The woods that lead to the river had become so overgrown that it hadn't been possible to get a vehicle down there for years. For that reason I haven't been able to put those eight acres with a river along one side to any practical use. It's beautiful, though, my favourite field, probably my favourite place in the world. It's a secluded wilderness, somewhere else altogether where no one ever goes except me.

The first and last of the day's sunshine smashed into my face as I flew out of the woodland at the bottom of the valley and into the field. A large deer stood on the pristine new track by the river, momentarily frozen like a picture – then the whole scene exploded. The whippet executed a gear change and flew round me like a Bentley passing a bus on the M40. Shouting at him to stop, I chased the whippet, the whippet chasing the bolting deer all along the river, all of us in flight in the immaculate serenity of high summer in the middle of nowhere.

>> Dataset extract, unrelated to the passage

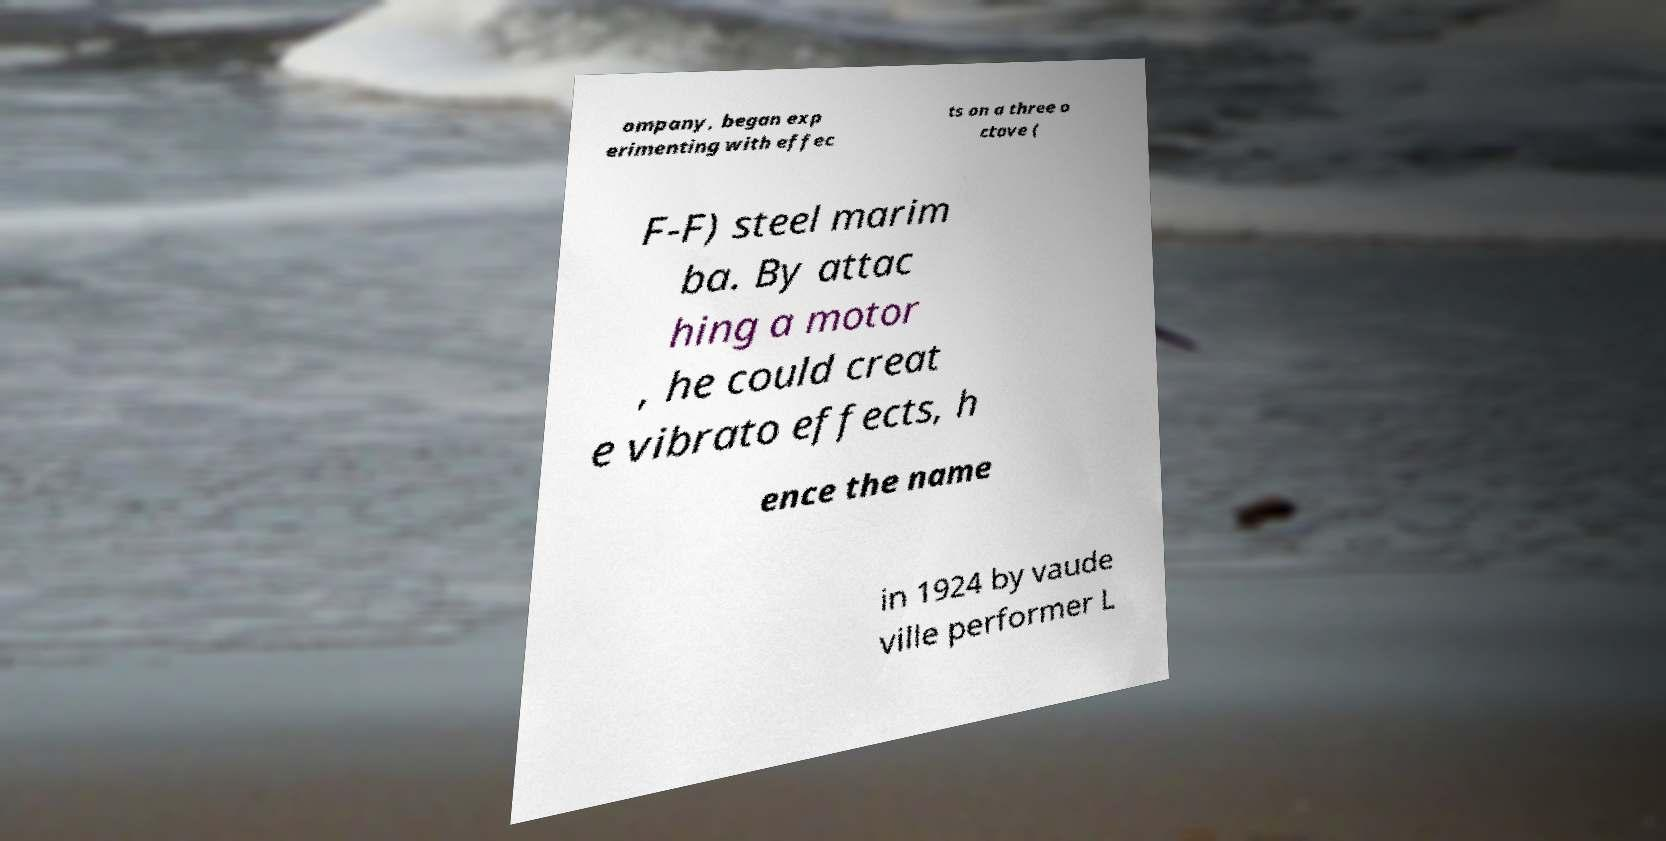There's text embedded in this image that I need extracted. Can you transcribe it verbatim? ompany, began exp erimenting with effec ts on a three o ctave ( F-F) steel marim ba. By attac hing a motor , he could creat e vibrato effects, h ence the name in 1924 by vaude ville performer L

The deer made good its escape over a stile at the far end of the field. "Don't do that again," I said to the dog, as he chewed another butterfly, but I could tell he wasn't listening.

Flaming lovely

Best of all this summer has been the bonfire. It's always been just a bit too cold to sit out in the garden in the evenings, even in August. I don't know why it's taken so long – six years – for me to work out a fire is all it takes to make the difference. A few well-placed rocks around it, a guitar; it's even quite nice in the rain.

The cool 'buildeuse'

I thought I'd overcome my addiction to building but I seem to have talked myself into just one more kitchen – a very modest one, outside near the bonfire. I called my man Neil and he turned up yesterday with his girlfriend. They work together. She's the first woman builder I've ever met. It's a good look, cooler than a "manny", a buildeuse. Nice.